Sunday, January 06, 2008

The most salty Chinese cuisine you've ever heard of

"So what else have been keeping us occupied?" you ask.

Well, at the moment we are playing host to a house guest... her name is QiQi (or GiGi as she also calls herself) and she is a friend of a friend.

Basic facts: GiGi is a nurse from China and recently completed her studies in Adelaide to qualify as a practising nurse in Australia. She got a job in Perth and is moving here to settle down and work. Our friend asked us to help look after her since she's never been to Perth before and this will also be her first experience working in Australia.

So we've been doing things such as taking her out shopping, answering questions and supplying heaps of information, introducing her to new friends, taking her out to view places to rent, and so on.

She's originally from Ningbo in China, which is located about 2 hours drive south of Shanghai. So her Mandarin accent is quite different. She even has trouble understanding hubby's Malaysianised Mandarin sometimes. But it's quite interesting and amusing to learn from each other.

She also shared some interesting facts about the cuisine from her hometown in Ningbo:

1. The locals in Ningbo like exremely salty food (I really mean EXTREME)... particularly seafood, as her town is well known for its salted seafood cuisine. (At one of the restaurants we took her to, GiGi ordered fried rice with salted fish because she missed that salty-fishy taste in her food)

2. GiGi doesn't like desserts and sweets. No cakes or cookies or chocolates for her please. She grew up eating and loving her food very salty, so she always prefers savoury over sweet.

3. Some examples of how they prepare and cook Ningbo style seafood:

Chop up some fresh crab, place in a pot of very salty cold water with vinegar and rice wine, and leave for 2-3 days. The salt, vinegar and wine will cure the crab meat. After that all you need to do is crack open and enjoy. GiGi said even the Chinese from other provinces are unable to stomach this and will suffer from diarrhea after eating. (I said I was game to try it! So GiGi said next time she will cook some for us. Hubby is dubious about it though)

Pile fresh fish with heaps of salt (really heaps and heaps of it) and leave for 2-3 days. When the fish is cured, steam the fish and serve. Sometimes for the more exremely salty fish (with double the amount of salt) they will slice up the fish into smaller pieces and steam it with meat and vegetables.

Take some fresh eel and completely cover it with salt, then leave to dry in the sun.
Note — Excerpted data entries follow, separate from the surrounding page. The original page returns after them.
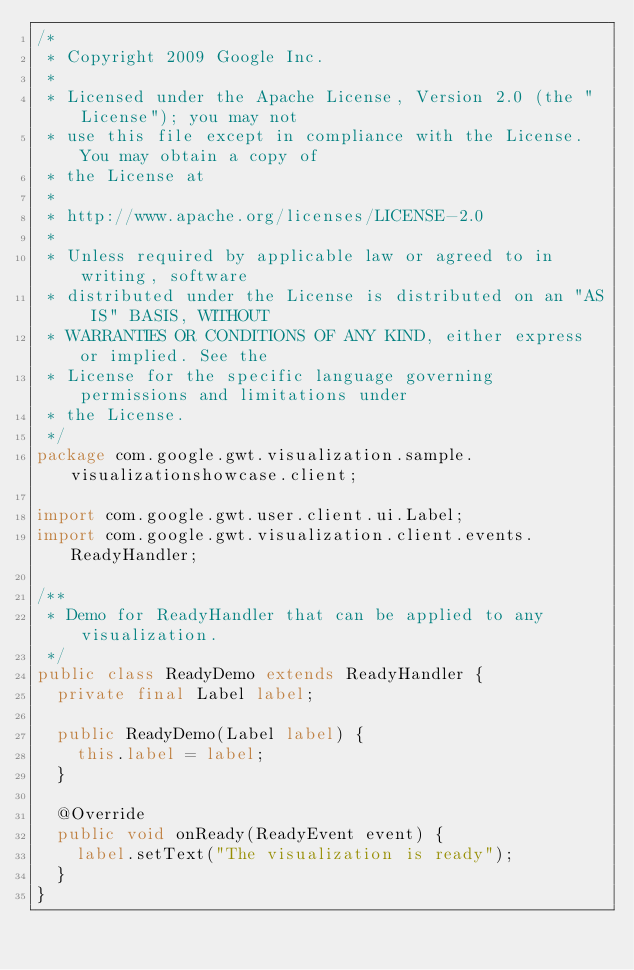Convert code to text. <code><loc_0><loc_0><loc_500><loc_500><_Java_>/*
 * Copyright 2009 Google Inc.
 * 
 * Licensed under the Apache License, Version 2.0 (the "License"); you may not
 * use this file except in compliance with the License. You may obtain a copy of
 * the License at
 * 
 * http://www.apache.org/licenses/LICENSE-2.0
 * 
 * Unless required by applicable law or agreed to in writing, software
 * distributed under the License is distributed on an "AS IS" BASIS, WITHOUT
 * WARRANTIES OR CONDITIONS OF ANY KIND, either express or implied. See the
 * License for the specific language governing permissions and limitations under
 * the License.
 */
package com.google.gwt.visualization.sample.visualizationshowcase.client;

import com.google.gwt.user.client.ui.Label;
import com.google.gwt.visualization.client.events.ReadyHandler;

/**
 * Demo for ReadyHandler that can be applied to any visualization.
 */
public class ReadyDemo extends ReadyHandler {
  private final Label label;

  public ReadyDemo(Label label) {
    this.label = label;
  }

  @Override
  public void onReady(ReadyEvent event) {
    label.setText("The visualization is ready"); 
  }
}
</code> 
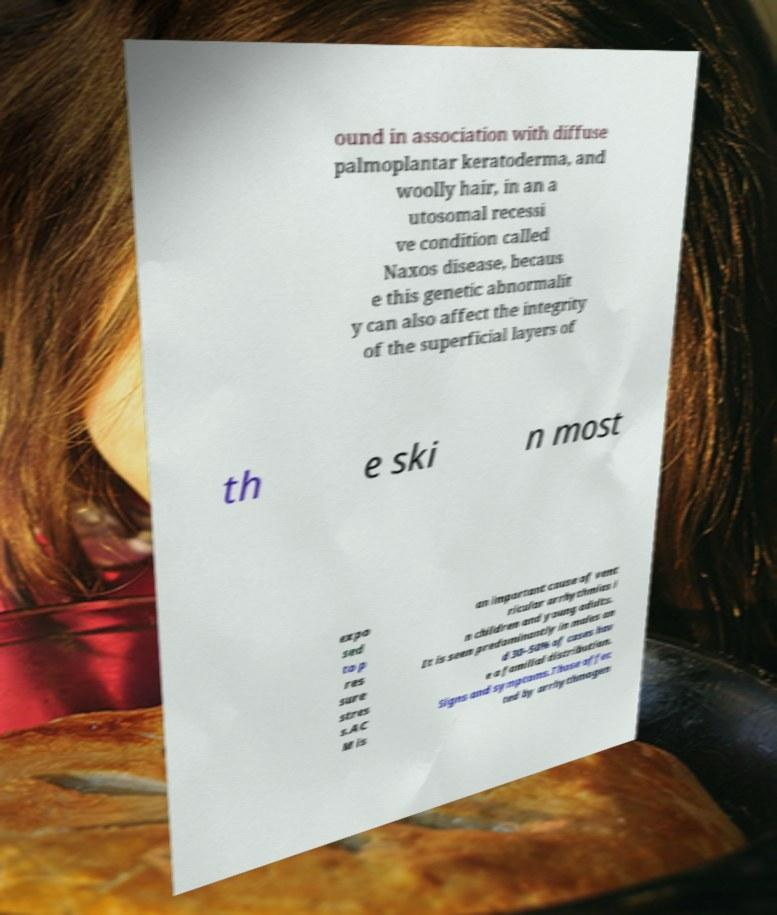There's text embedded in this image that I need extracted. Can you transcribe it verbatim? ound in association with diffuse palmoplantar keratoderma, and woolly hair, in an a utosomal recessi ve condition called Naxos disease, becaus e this genetic abnormalit y can also affect the integrity of the superficial layers of th e ski n most expo sed to p res sure stres s.AC M is an important cause of vent ricular arrhythmias i n children and young adults. It is seen predominantly in males an d 30–50% of cases hav e a familial distribution. Signs and symptoms.Those affec ted by arrhythmogen

After it is dried, chopped it up into pieces and fry it.

Place fresh prawns in pot of rice wine and leave for few days. After that drain and serve it just like that --raw and semi-cured by the wine. (This I am also game to try, but I will need hubby to help me peel the prawns as I can't stand the feeling of the prawn legs and eyes when I peel them)

Quite interesting eh? But imagine all that salt!!! It can't be good for them, which brings me to my next point...

4. Many of the locals in Ningbo suffer from health problems like high blood pressure and cholesterol problems. But they still can't help enjoying their salty food.

5. Apparently the popular Chinese Tang Yuen with those glutinous rice balls, which are filled with red bean and black sesame, first originated in Ningbo and is still known as Ning Bo Tang Yuen.

GiGi's parents currently run a restaurant in Ningbo. She has dreams of sponsoring her parents to come over to Australia to set up their restaurant here to serve the Ningbo cuisine here. Good idea... but I'm not sure how the people here will take to the raw crab meat, though.